Sun Sentinel Broward Edition

535,000 ballots to hit mailboxes

Trump wrong about claims of mail-voting fraud, supervisor says

- By Anthony Man

President Donald Trump’s repeated, emphatic assertions that voting by mail is riddled with fraud and a way to rig the election are wrong.

So says the supervisor of elections in Palm Beach County — the place Trump considers home and where he himself votes by mail.

And the elections supervisor who refuted Trump’s claims was appointed to the job last year by Gov. Ron DeSantis, one of Trump’s most prominent allies. DeSantis has supported Trump, and Trump has supported DeSantis.

“No, he is not correct,” Wendy Sartory Link said about Trump’s assertions.
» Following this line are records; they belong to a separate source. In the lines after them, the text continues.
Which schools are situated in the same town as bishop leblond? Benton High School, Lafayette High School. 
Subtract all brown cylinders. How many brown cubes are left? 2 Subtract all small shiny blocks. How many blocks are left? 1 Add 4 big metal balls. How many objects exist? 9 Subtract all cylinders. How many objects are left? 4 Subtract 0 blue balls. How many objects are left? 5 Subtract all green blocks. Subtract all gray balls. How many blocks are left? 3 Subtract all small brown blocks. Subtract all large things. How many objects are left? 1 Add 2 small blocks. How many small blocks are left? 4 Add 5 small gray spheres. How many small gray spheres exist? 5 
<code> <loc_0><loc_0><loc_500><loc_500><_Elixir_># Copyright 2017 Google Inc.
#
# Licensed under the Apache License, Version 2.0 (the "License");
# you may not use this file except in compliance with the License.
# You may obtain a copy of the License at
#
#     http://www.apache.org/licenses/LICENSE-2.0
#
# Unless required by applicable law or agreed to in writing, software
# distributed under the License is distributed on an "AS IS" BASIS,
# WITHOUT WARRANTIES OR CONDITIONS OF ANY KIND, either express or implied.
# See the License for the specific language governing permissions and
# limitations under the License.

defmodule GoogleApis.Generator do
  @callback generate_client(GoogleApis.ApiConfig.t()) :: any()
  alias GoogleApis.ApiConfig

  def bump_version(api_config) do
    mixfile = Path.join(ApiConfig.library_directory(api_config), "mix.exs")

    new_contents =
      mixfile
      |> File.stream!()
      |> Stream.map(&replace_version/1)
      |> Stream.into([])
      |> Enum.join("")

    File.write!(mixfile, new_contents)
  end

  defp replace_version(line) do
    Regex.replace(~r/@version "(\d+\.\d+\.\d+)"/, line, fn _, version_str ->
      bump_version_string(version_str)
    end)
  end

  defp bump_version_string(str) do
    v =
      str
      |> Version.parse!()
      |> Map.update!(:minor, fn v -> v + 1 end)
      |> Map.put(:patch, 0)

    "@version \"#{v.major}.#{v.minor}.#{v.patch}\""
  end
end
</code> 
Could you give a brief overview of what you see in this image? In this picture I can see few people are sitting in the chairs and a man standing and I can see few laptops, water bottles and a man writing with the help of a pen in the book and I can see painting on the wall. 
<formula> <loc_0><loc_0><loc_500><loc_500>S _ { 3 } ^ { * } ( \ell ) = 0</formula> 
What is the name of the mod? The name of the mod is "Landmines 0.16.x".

Link is now running to retain the job she was appointed to last year after DeSantis suspended the previous county supervisor

of elections, Susan Bucher.

At the time, Link was a Republican. Now seeking to retain the job, she’s running as a Democrat. Also seeking the job is another Democrat, Paulette Armstead. Because no other candidates came forward to run, all voters can participat­e in the Aug. 18 primary, even those who aren’t registered Democrats, and the winner will get a full, four-year term as county elections supervisor.

Link said during an interview Monday with the South Florida Sun Sentinel Editorial Board that she wants to explain reality to the Trump camp. She said she’s reached out to a local Trump campaign contact and “invited them to come to our office and to please come in and let me walk them through the vote-bymail process so that they can understand what it is that we’re doing, how we do it, and why he doesn’t need to be so concerned.”

The Trump campaign hasn’t taken her up on the offer, she said.

Trump has railed against mail voting, calling it “a very dangerous thing for this country,” “fraudulent in many cases,” “horrible,” “corrupt,” and “a terrible thing.” He has claimed unidentifi­ed people or groups “grab thousands of mail-in ballots and they dump it.” Although the president has said “there’s a lot of evidence,” he hasn’t offered any when pressed by reporters.

Link said there is no reason for concern about mail voting in Florida. It has greatly expanded since the controvers­ial 2000 presidenti­al election, when state law was changed to allow people to vote by mail without having to cite a reason,

such as being away from the county on election day.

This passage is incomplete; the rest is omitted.